26 What does a Qualified Custodian need to do? (2)
Account Statements: A Qualified Custodian must provide the adviser’s clients with quarterly account statements. The account statement should identify the amount of funds and each security in the account at the end of the period and set forth all transactions in the account during that period. Electronic delivery may be possible if the Qualified Custodian receives informed consent from the client and evidence of delivery. Generally, the Qualified Custodian will provide the adviser with a copy of the account statement that was delivered to the client.
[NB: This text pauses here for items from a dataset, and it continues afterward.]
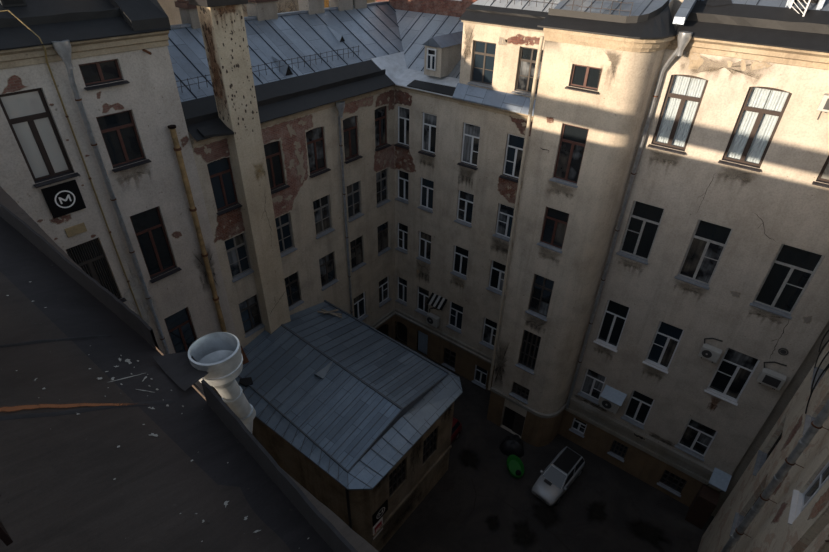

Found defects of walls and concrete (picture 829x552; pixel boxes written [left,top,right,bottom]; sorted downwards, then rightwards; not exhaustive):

flaking render [1,75,28,94]
flaking render [180,6,313,218]
flaking render [343,89,412,114]
flaking render [497,177,522,205]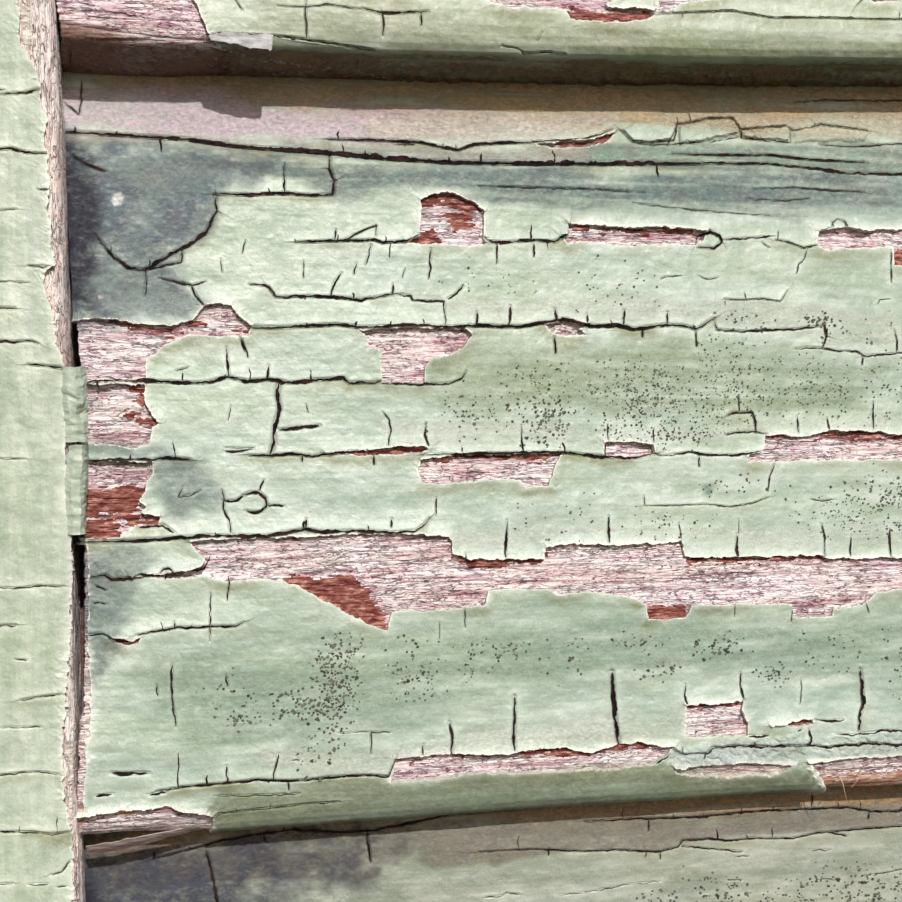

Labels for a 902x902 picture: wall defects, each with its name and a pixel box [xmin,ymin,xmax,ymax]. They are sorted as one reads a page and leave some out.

peeling [400,186,494,252]
crack [65,80,902,305]
leakage [69,141,901,323]
peeling [353,320,479,389]
crack [87,223,902,465]
peeling [10,0,420,902]
crack [421,398,775,507]
crack [86,480,429,604]
peeling [124,517,902,637]
peeling [381,675,902,792]
crack [656,670,902,764]
leakage [84,836,301,902]

27 When is a PCAOB Registered Accountant Required?
A PCAOB Registered Accountant is required for An audit of an investment vehicle relying on the Annual Audit Exemption; A surprise examination with respect to assets held with a Related Custodian; or An internal control report.

28 Scenarios

29 Scenarios Here are some questions to consider when considering different scenarios: What are the client’s assets? Are they client assets? Follow the flows; does anyone have custody at any point? Why does the adviser have custody? Is it due to Fee Deduction Authority? If a Related Person has custody, is it in connection with the advisory services being provided? Is the Related Person operationally independent? Is the client a pooled investment vehicle? Does the advisory structure include SPVs or other legal entities set up for other purposes?